Esse estudo assinala vários aspectos importantes. Primeiro, que mesmo uma criança com apenas 18 meses irá ajudar espontaneamente, sem que alguém lhe peça, o que é consistente com a noção de Darwin e de Tomasello de que nascemos para cooperar. Segundo, essas crianças não ajudariam em qualquer situação, mas apenas quando a ideia de um laço pessoal ou de confiança estivesse ativo em suas mentes (no caso, causada por terem visto duas bonecas numa relação de amizade). Na vida normal, fora do laboratório, a ideia de confiança e amizade estaria ativa quando estivessem com pessoas que amassem e em quem confiassem, como os membros de suas famílias. Terceiro, tanto a deixa da amizade quanto o objetivo de cooperar agem inconscientemente. Eles estavam lá, num detalhe sutil, no fundo, e não como o principal elemento da fotografia. Mesmo assim, a presença dessas duas bonecas amigas no canto das figuras fora suficiente para inconscientemente sugerir a ideia de laços sociais nas crianças, e essa deixa para a confiança e a amizade foi o portal que levou a seu comportamento cooperativo espontâneo.

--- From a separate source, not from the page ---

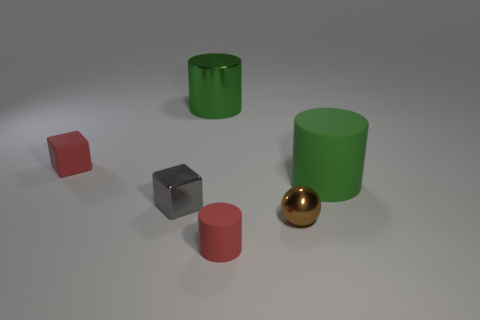Do the objects have shadows, and if so, what does that tell us about the lighting in the scene? Yes, each object casts a shadow, indicating that there is a single light source in the scene which appears to be located above and to the left of the objects, creating soft shadows and giving depth to the image. 
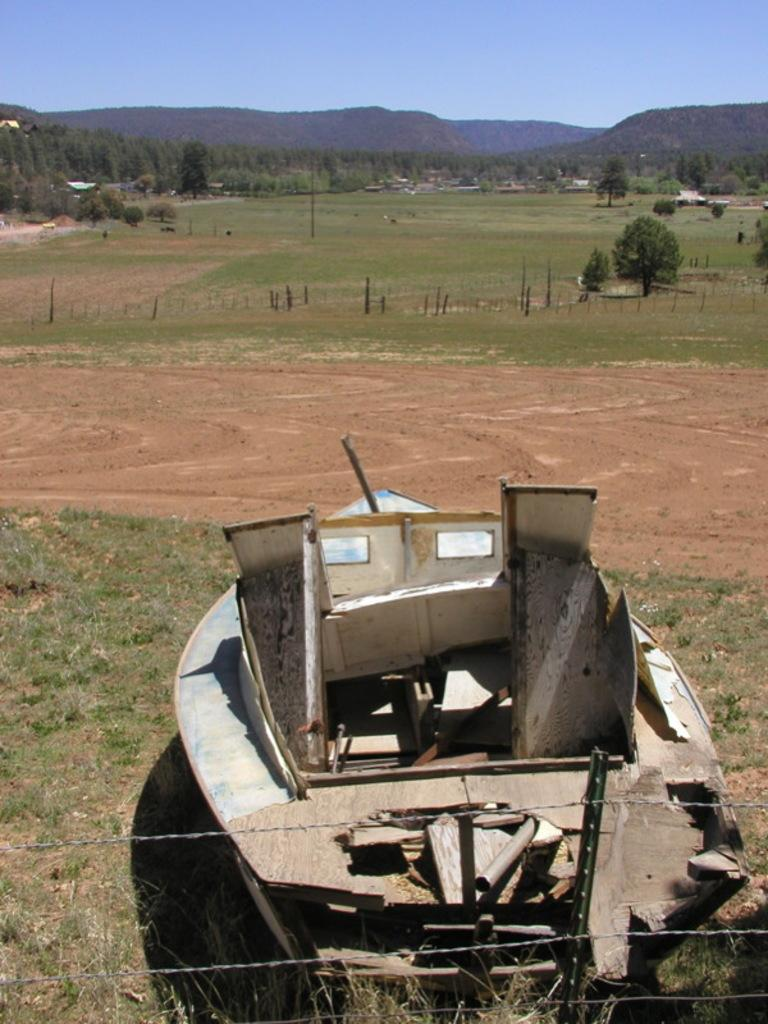What is the main subject of the image? There is a ship on the ground in the image. What type of barrier can be seen in the image? There is fencing in the image. What type of vegetation is present in the image? There are trees and grass in the image. What type of geographical feature is visible in the image? There are mountains in the image. What is the tall, vertical object in the image? There is a pole in the image. What part of the natural environment is visible in the image? The sky is visible in the image. What type of maid can be seen starting a car in the image? There is no maid or car present in the image.

Às vezes, portanto, uma tendência inata ou evoluída não se manifesta em nossa vida a troco de nada. Nós cooperamos, sim, mas apenas com pessoas nas quais sentimos que podemos confiar. Isso faz muito sentido no aspecto adaptativo, pois poderia haver quem se aproveitasse de nós (como acontece muitas vezes) se confiássemos cegamente em todos e cooperássemos com qualquer um. Aprender e saber em quem podemos ou não confiar é uma de nossas grandes tarefas na vida, e como demonstra o estudo de Over e Carpenter com as crianças de dezoito meses, já começamos a fazer essas escolhas pouco depois de nascer.